About this task → As soon as the line containing "The width and" appears, start repeating lines exactly and continue to the end of the entries; please skip pictures.

Items from a dataset:
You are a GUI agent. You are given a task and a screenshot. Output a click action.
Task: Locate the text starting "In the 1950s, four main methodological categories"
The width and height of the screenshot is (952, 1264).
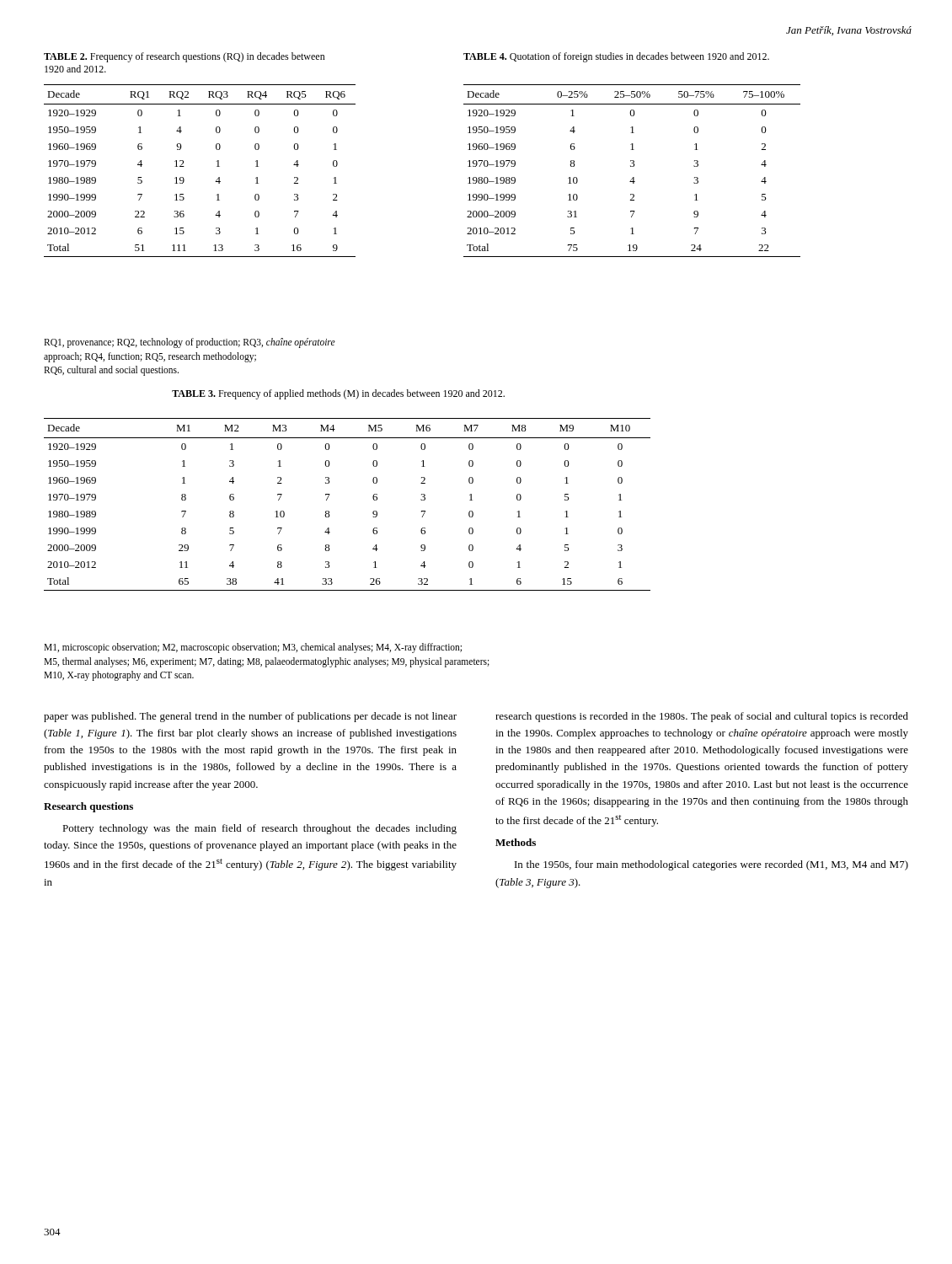point(702,873)
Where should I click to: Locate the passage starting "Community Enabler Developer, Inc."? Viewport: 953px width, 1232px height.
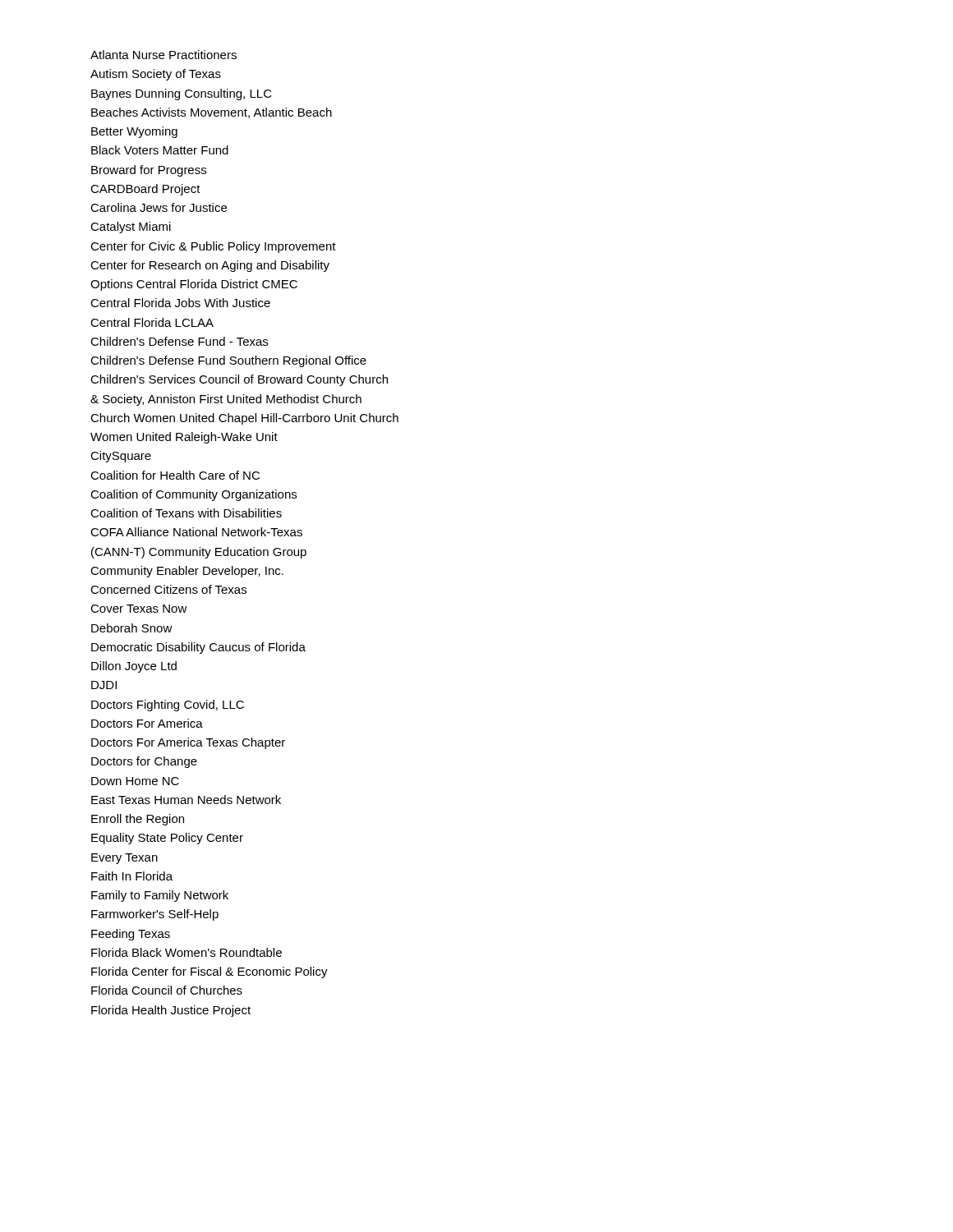click(187, 570)
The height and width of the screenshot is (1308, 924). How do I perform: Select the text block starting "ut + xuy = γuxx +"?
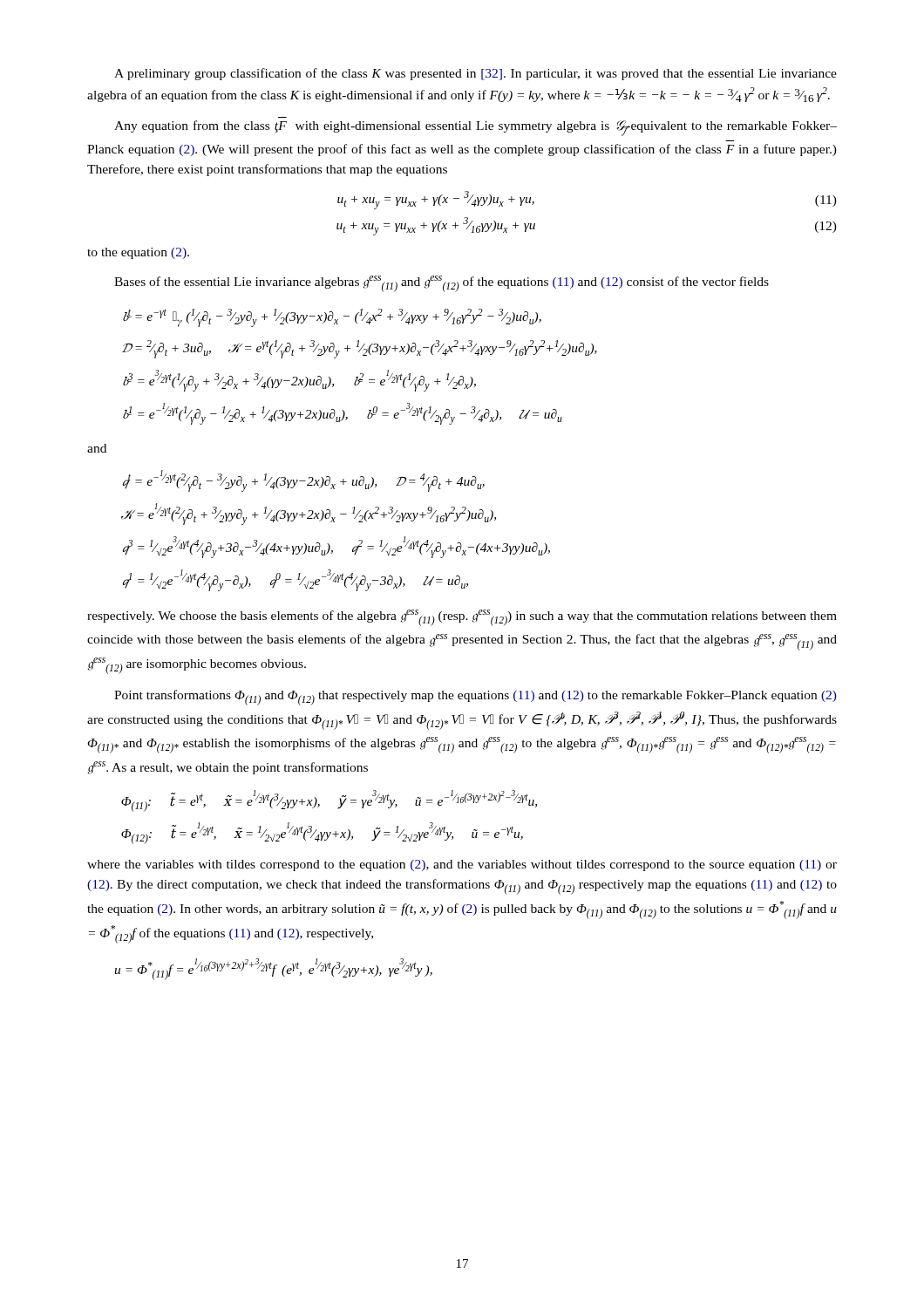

The completed task →
The width and height of the screenshot is (952, 1264).
point(702,873)
Where should I click to: Locate the passage starting "Community Enabler Developer, Inc."? Viewport: 953px width, 1232px height.
click(187, 570)
The height and width of the screenshot is (1308, 924). How do I perform: Select the text block starting "ut + xuy = γuxx +"?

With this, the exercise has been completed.